Zheng Bin 郑斌

Personal information
- Date of birth: July 4, 1977 (age 49)
- Place of birth: Wuhan, Hubei, China
- Height: 1.74 m (5 ft 9 in)
- Positions: Left midfielder; striker;

Youth career
- 1996–1998: Jianlibao Youth

Senior career*
- Years: Team / Apps / (Gls)
- 1998–2002: Wuhan Hongjinlong / 65 / (2)
- 2003–2004: Shenzhen Jianlibao / 40 / (2)
- 2005–2008: Wuhan Huanghelou / 92 / (14)
- 2009: Shenzhen Shangqingyin / 19 / (1)
- 2010–2011: Wuhan Zall / 23 / (2)

International career^{‡}
- 2003–2008: China / 35 / (1)

Managerial career
- 2012–2014: Wuhan Zall (assistant)
- 2014–2015: Wuhan Zall
- 2015–2017: Hebei CFFC (assistant)
- 2018–2019: Wuhan Zall (assistant)
- 2020–2021: China (assistant)
- 2022: Tianjin Jinmen Tiger (technical director)

Medal record
Representing China
Men's football
AFC Asian Cup
| Silver medal – second place | 2004 China | Team |
East Asian Football Championship
| Bronze medal – third place | 2003 Japan | Team |
| Gold medal – first place | 2005 South Korea | Team |

= Zheng Bin =

Chinese footballer and coach

Zheng Bin (郑斌 (鄭斌, Zhèng Bīn); born July 4, 1977) is a Chinese football coach and a former international who played as a left midfielder or striker.

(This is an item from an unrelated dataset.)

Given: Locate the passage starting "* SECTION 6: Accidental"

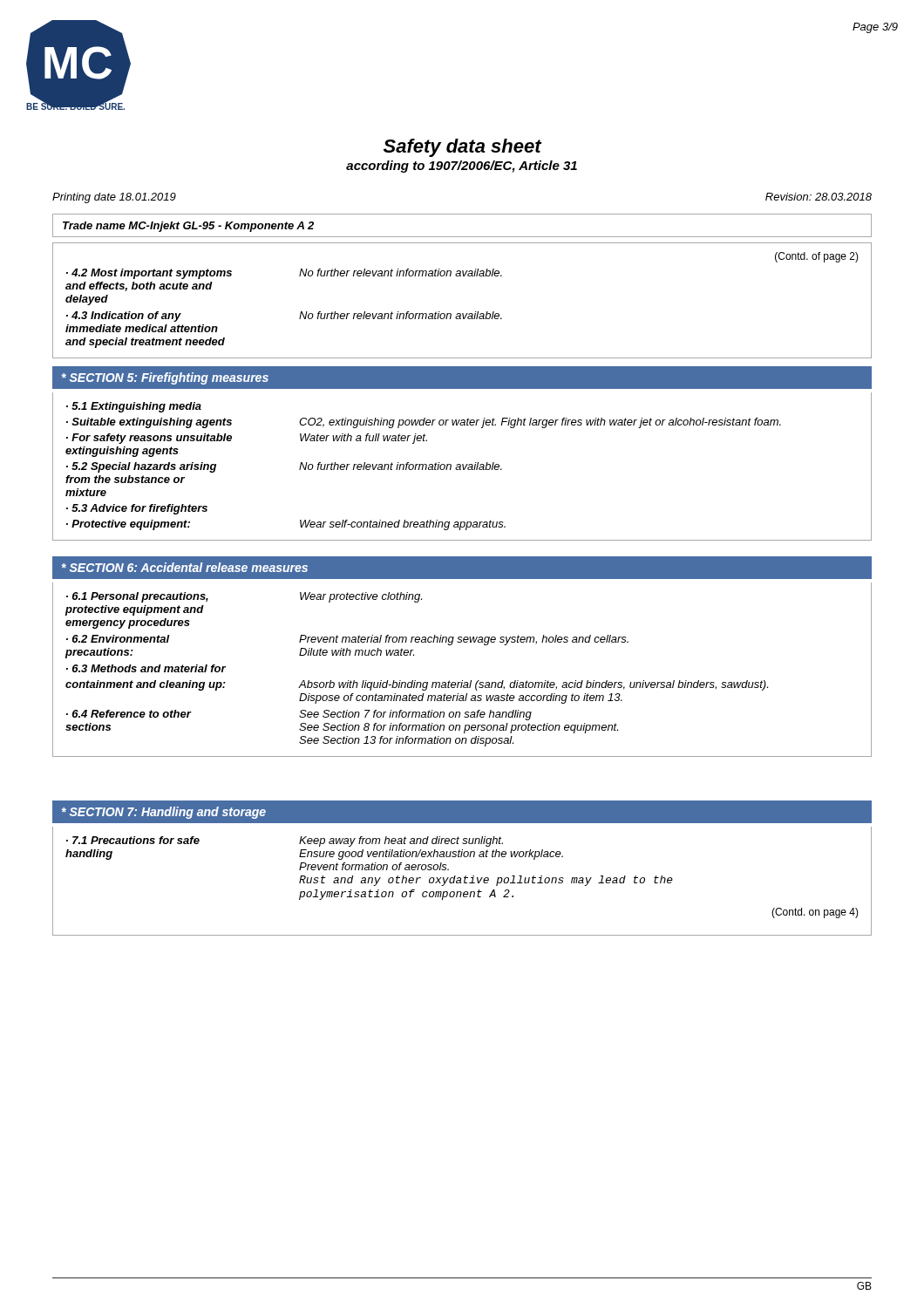Looking at the screenshot, I should pyautogui.click(x=185, y=568).

As a player he represented Shenzhen Jianlibao, Wuhan Huanghelou and Wuhan Zall while internationally he played for the Chinese national team that participated in the 2004 AFC Asian Cup. Since retiring he moved into management, and gained his first head coaching position with Wuhan Zall.

==Club career==

===Early career===
As with all the most promising young Chinese players Zheng Bin would quickly be included in the short-lived Chinese national youth team program to study football abroad in a training programme sponsored by Jianlibao and called the Chinese Jianlibao Youth Football Team. After graduating through the Jianlibao Youth Team he would return to his hometown to play for Wuhan Hongjinlong to start his professional football career. In his debut season he would play six games in his debut season. He would then go on to play in the majority of Wuhan's games throughout the 1999 league season that saw the team relegated.

===Shenzhen Jianlibao===
The following seasons would see him remain with Wuhan in their attempts to return to the top tier until Shenzhen Jianlibao's Head coach Zhu Guanghu showed an interest within him. Zheng Bin would eventually join Shenzhen Jianlibao at the beginning of the 2003 league season. The move would immediately become very successful for him when he quickly established himself within the team in his debut season and then in his second season help the team to win the 2004 Chinese Super League title.

===Return to Wuhan===
Despite just winning the league title with Shenzhen Jianlibao the club had many financial difficulties and when his previous club just having won promotion and offering 3,500,000 RMB for the return of his services Zheng Bin would immediately rejoin them. Once again this turned out to be a successful transfer for him when he once again settled straight away within the team and this time go on to win the 2005 Chinese Super League Cup. He would soon go on to captain the team until the club controversially disbanded for what they believed was unfair punishment by the Chinese Football Association after the club's management did not accept the punishment given to them by the Chinese Football Association after a scuffle broke out during a league game against Beijing Guoan on September 27, 2008.

===Return to Shenzhen===
Without a club Zheng Bin would return to Shenzhen Jianlibao (who had renamed themselves Shenzhen Shangqingyin) at the beginning of the 2009 league season. While he was not an immediate first choice player at the start of the season, once he was given his chance to play he would quickly show his experience within the team and would quickly become a regular within the team.

===Join Hubei Oriental===
At the 2010 season, the new Wuhan club Hubei Oriental had successfully promoted to China League One. Zheng returned to Wuhan again and joined the team to play the new season.

==International career==
Zheng Bin would be included in the Chinese squad and go on to make his debut in a friendly against Costa Rica on September 7, 2003 in a 2-0 defeat. Despite the result he would go on to become a regular within the team and his versatility within midfield would see him go on to be included in the squad that went to the 2004 AFC Asian Cup that came runners-up. He would go on to play in several FIFA World Cup qualifiers and the 2007 AFC Asian Cup, however once the tournament ended he would lose favour within the team.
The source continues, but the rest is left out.